Теперь я понимаю, что подобное снисходило ко мне как предупреждение за пассивность и лень. У каждого свой путь к спасению души. Мой – заключался в картинах. «Но ты транжиришь время, художник, а с ним рискуешь потерять бессмертие», – вот что не удалось мне услышать тогда. Ведь самое бесценное, что есть в этой жизни, – и есть время, отпущенное нам для совершенствования. И мой мастер не уставал повторять: «Не теряйте времени – творите! Не всем дано право творить. Вы это право заслужили прошлыми жизнями».
Но и без его наставлений я знал, что Божью искру, не подкрепленную трудом, ждет та же участь, что и костра, не подкрепленного дровами. Точнее сказать, что костер без дров вообще не может существовать. Словом, я трудился. Трудился дни и ночи. Боже, как добросовестно я трудился! И энергии было достаточно, и фантазии – хоть отбавляй.

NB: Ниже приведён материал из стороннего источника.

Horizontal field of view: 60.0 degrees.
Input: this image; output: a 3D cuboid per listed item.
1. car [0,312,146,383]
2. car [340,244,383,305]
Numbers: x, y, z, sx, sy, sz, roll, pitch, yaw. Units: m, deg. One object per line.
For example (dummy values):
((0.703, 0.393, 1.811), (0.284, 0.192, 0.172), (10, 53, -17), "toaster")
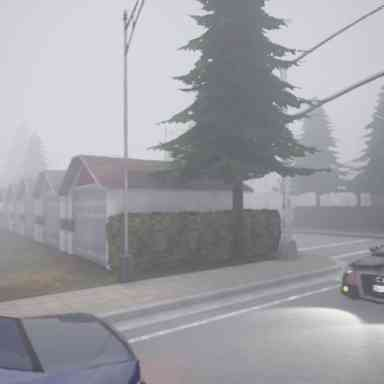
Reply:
((-2.869, 1.594, 1.951), (5.357, 1.411, 2.033), (2, -2, -34), "car")
((5.235, 1.739, 7.588), (4.181, 1.385, 1.994), (2, -3, -36), "car")
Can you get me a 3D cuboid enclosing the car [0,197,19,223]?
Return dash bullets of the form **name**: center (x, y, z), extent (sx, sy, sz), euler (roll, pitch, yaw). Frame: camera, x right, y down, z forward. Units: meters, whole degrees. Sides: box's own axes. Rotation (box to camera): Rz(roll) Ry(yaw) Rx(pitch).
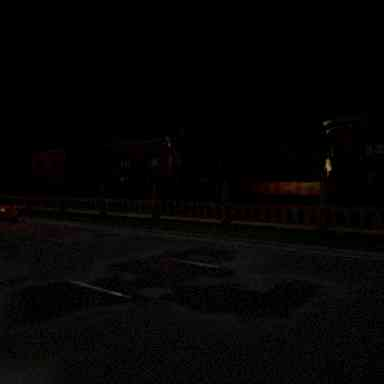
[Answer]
- **car**: center (-13.632, 1.120, 22.277), extent (4.553, 1.767, 2.097), euler (1, 0, 36)
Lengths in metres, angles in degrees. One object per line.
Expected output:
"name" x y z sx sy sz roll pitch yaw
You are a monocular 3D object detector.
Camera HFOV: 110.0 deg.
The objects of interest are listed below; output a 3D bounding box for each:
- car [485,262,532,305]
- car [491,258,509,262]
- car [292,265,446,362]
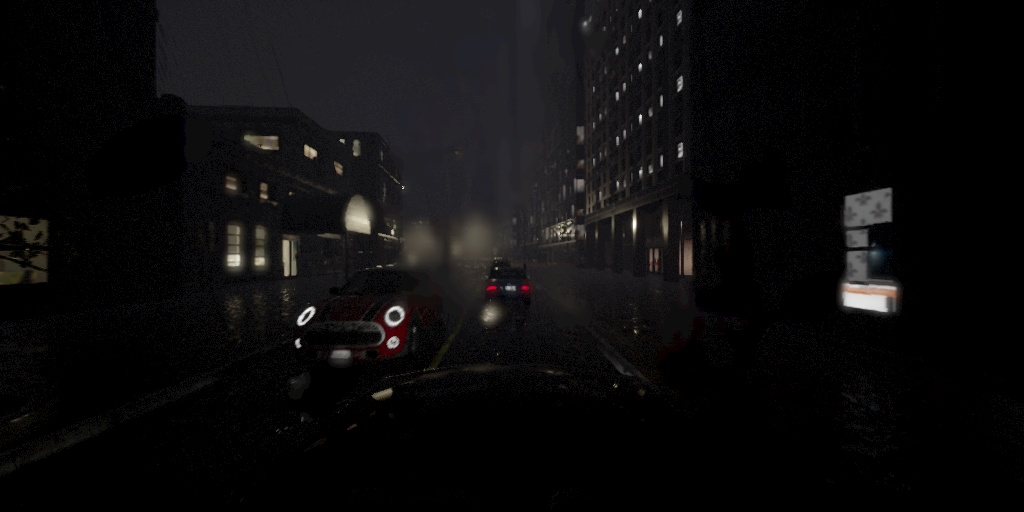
"car" -0.168 1.173 15.332 2.033 1.411 5.357 0 1 -1
"car" -1.153 0.925 35.306 2.128 1.511 4.902 0 1 -4
"car" -2.899 1.044 8.274 2.097 1.767 4.553 0 1 -1
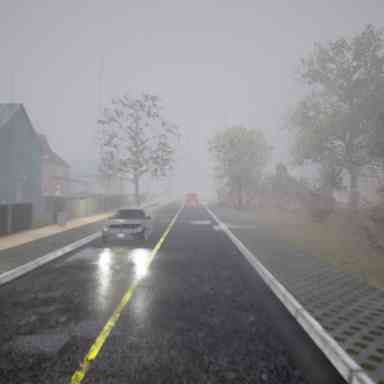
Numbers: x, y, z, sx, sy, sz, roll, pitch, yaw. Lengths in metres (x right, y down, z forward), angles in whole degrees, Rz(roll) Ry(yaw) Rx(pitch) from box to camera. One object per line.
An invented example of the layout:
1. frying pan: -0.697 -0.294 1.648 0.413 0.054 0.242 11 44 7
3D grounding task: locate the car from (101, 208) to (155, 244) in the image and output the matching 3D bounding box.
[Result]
1. car: -2.828 1.488 15.602 1.812 1.442 4.674 0 0 0

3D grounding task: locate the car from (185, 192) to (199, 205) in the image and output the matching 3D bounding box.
1. car: -0.045 1.095 55.465 2.150 2.045 5.566 0 0 0
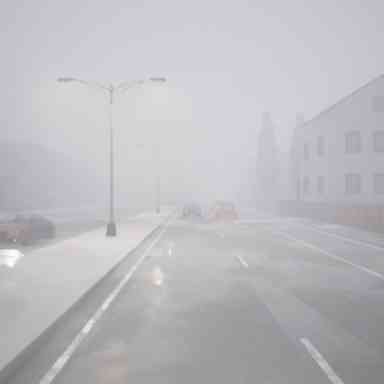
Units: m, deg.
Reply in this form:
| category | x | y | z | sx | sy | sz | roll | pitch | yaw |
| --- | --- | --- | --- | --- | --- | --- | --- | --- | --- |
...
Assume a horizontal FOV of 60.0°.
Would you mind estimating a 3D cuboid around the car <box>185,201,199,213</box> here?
| category | x | y | z | sx | sy | sz | roll | pitch | yaw |
| --- | --- | --- | --- | --- | --- | --- | --- | --- | --- |
| car | -0.021 | 1.970 | 44.539 | 1.812 | 1.442 | 4.674 | 0 | 0 | 0 |

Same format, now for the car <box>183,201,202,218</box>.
| category | x | y | z | sx | sy | sz | roll | pitch | yaw |
| --- | --- | --- | --- | --- | --- | --- | --- | --- | --- |
| car | 0.013 | 1.942 | 34.233 | 1.895 | 1.301 | 4.718 | 0 | -1 | 0 |

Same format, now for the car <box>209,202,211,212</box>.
| category | x | y | z | sx | sy | sz | roll | pitch | yaw |
| --- | --- | --- | --- | --- | --- | --- | --- | --- | --- |
| car | 3.436 | 1.796 | 44.748 | 2.097 | 1.767 | 4.553 | 0 | -1 | 0 |

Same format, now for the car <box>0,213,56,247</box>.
| category | x | y | z | sx | sy | sz | roll | pitch | yaw |
| --- | --- | --- | --- | --- | --- | --- | --- | --- | --- |
| car | -8.137 | 1.725 | 15.866 | 1.994 | 1.385 | 4.181 | 0 | 0 | -1 |

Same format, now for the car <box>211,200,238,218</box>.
| category | x | y | z | sx | sy | sz | roll | pitch | yaw |
| --- | --- | --- | --- | --- | --- | --- | --- | --- | --- |
| car | 3.462 | 1.696 | 34.542 | 2.097 | 1.767 | 4.553 | 0 | -1 | 0 |
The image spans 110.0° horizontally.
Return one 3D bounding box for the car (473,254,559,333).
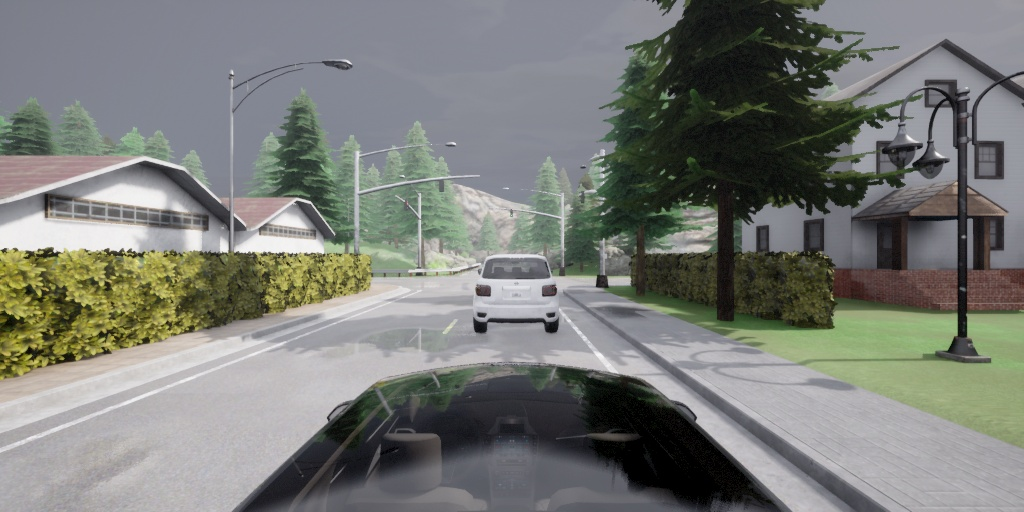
[{"bbox_3d":[0.105,0.971,10.892,2.150,2.045,5.566,0,0,0],"label":"car"}]
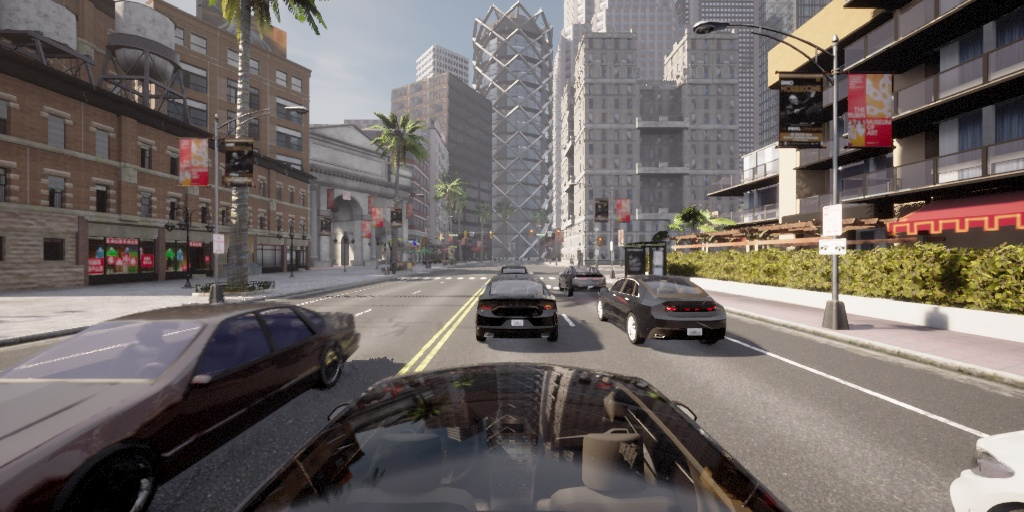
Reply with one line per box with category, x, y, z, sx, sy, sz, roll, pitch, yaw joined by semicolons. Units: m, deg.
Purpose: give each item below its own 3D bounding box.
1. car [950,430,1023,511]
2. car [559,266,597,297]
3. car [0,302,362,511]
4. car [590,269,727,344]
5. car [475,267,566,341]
car;3.662;1.276;0.218;1.812;1.442;4.674;0;0;-1
car;3.602;1.241;18.929;2.128;1.511;4.902;0;0;0
car;-3.603;1.297;4.096;2.033;1.411;5.357;0;0;0
car;3.609;1.255;9.523;1.837;1.490;4.892;0;0;0
car;0.109;1.228;9.878;1.882;1.535;5.008;0;0;0
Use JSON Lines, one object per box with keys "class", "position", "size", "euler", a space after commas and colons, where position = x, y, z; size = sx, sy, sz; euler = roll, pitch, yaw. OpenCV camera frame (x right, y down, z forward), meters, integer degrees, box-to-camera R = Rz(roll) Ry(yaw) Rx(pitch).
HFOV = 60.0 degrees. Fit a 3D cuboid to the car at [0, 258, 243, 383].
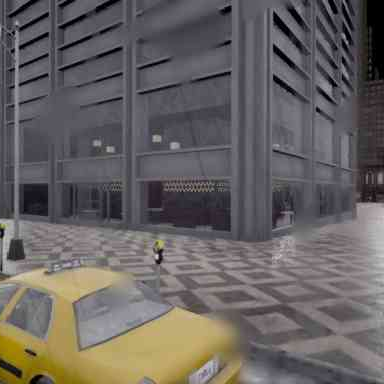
{"class": "car", "position": [-1.763, 1.525, 4.224], "size": [4.829, 1.417, 1.752], "euler": [0, 0, 36]}
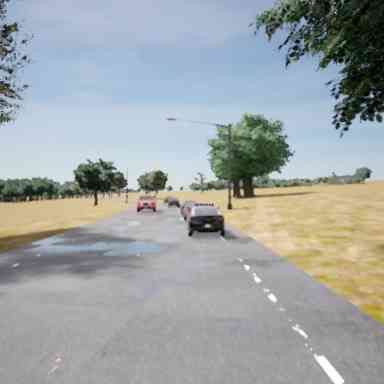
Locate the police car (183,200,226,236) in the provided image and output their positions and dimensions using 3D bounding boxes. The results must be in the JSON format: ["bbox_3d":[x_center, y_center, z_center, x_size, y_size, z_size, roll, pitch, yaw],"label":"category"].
[{"bbox_3d":[0.664,1.433,18.517,1.930,1.638,5.238,0,0,-2],"label":"police car"}]

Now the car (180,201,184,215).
[{"bbox_3d":[0.164,1.569,28.451,1.812,1.442,4.674,0,0,-3],"label":"car"}]

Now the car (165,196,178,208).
[{"bbox_3d":[-2.902,1.681,52.713,1.837,1.490,4.892,0,0,-6],"label":"car"}]

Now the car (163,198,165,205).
[{"bbox_3d":[-4.891,1.598,68.703,2.097,1.767,4.553,0,-1,-9],"label":"car"}]

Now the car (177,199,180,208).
[{"bbox_3d":[-0.238,1.570,34.473,1.837,1.490,4.892,0,0,-4],"label":"car"}]

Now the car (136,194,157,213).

Но что случилось на двадцать втором году от рождения меня? Меня заметили. Меня назвали гением. Мне стали авансом возносить хвалы. Нет-нет, я не заболел звездной болезнью, как последний провинциальный идиот, а скажем мягко: «слегка прихворнул». И этого было достаточно, чтобы чуть облениться, или свысока взглянуть на своего собрата по кисти. Словом, я «дал слабину», и расплата не замедлила явиться.
«Что в жизни никогда не остается в долгу, так это расплата за высокомерие», – записал я в дневнике, и в прихожей раздался звонок.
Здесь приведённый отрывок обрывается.